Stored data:

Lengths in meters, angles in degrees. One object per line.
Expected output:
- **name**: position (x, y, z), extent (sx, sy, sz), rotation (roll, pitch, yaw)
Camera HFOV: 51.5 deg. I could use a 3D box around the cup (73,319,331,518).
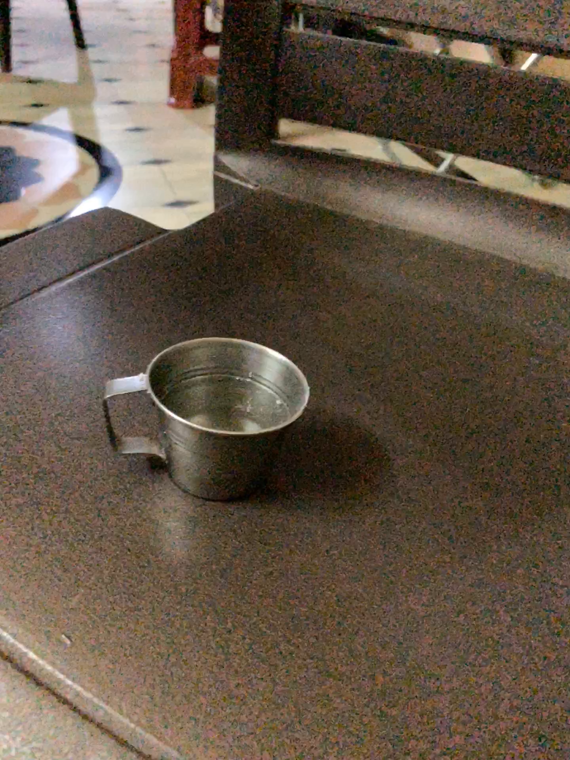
- **cup**: position (-0.032, 0.012, 0.219), extent (0.080, 0.040, 0.060), rotation (0, 41, -13)
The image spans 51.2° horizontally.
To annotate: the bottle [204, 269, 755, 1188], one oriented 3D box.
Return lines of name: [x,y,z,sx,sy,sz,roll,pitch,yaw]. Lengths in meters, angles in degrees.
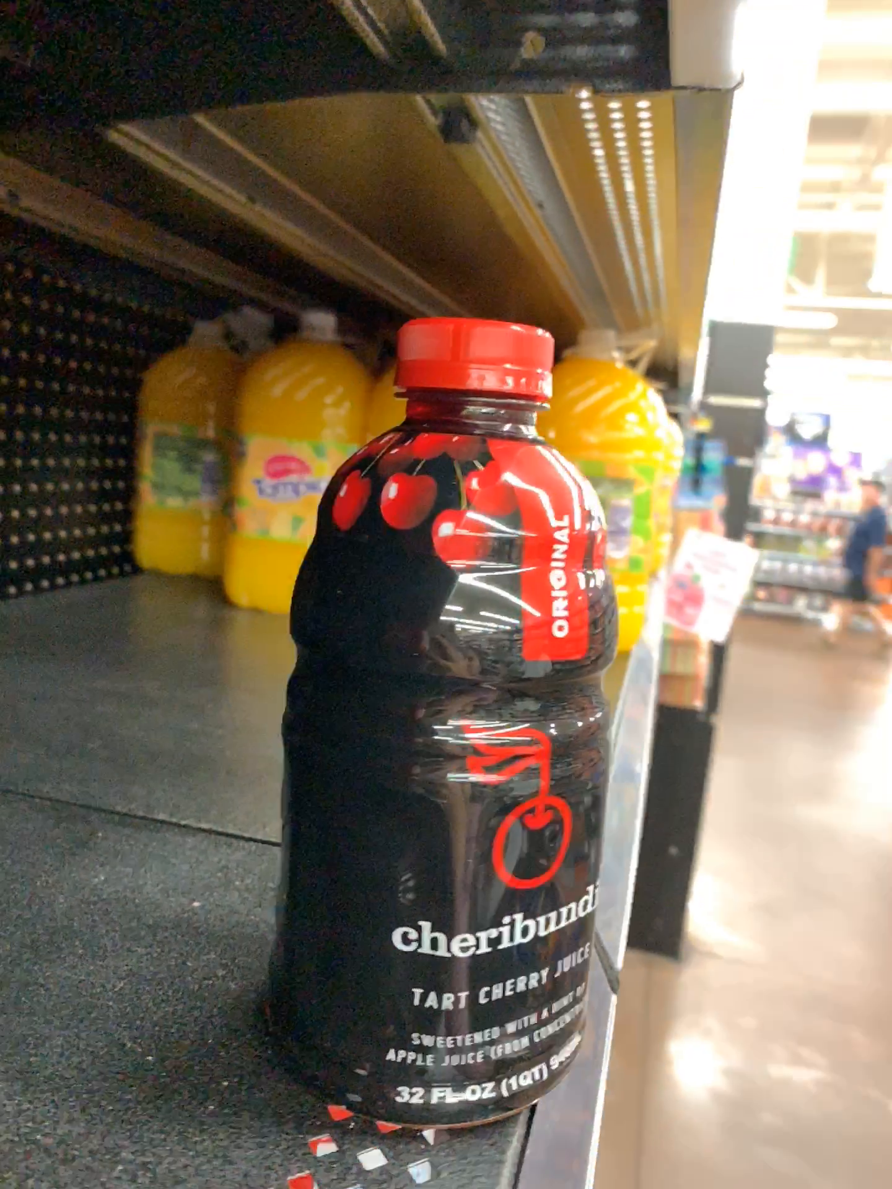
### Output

WHAT YOU SHOULD DO:
With the pictures removed, return all the entries exactly.

TASK ANSWER:
Lengths in meters, angles in degrees. One object per line.
Expected output:
- **name**: position (x, y, z), extent (sx, sy, sz), rotation (roll, pitch, yaw)
Camera HFOV: 51.5 deg. I could use a 3D box around the cup (73,319,331,518).
- **cup**: position (-0.032, 0.012, 0.219), extent (0.080, 0.040, 0.060), rotation (0, 41, -13)
The image spans 51.2° horizontally.
To annotate: the bottle [204, 269, 755, 1188], one oriented 3D box.
Return lines of name: [x,y,z,sx,sy,sz,roll,pitch,yaw]. Lengths in meters, angles in degrees.
### Output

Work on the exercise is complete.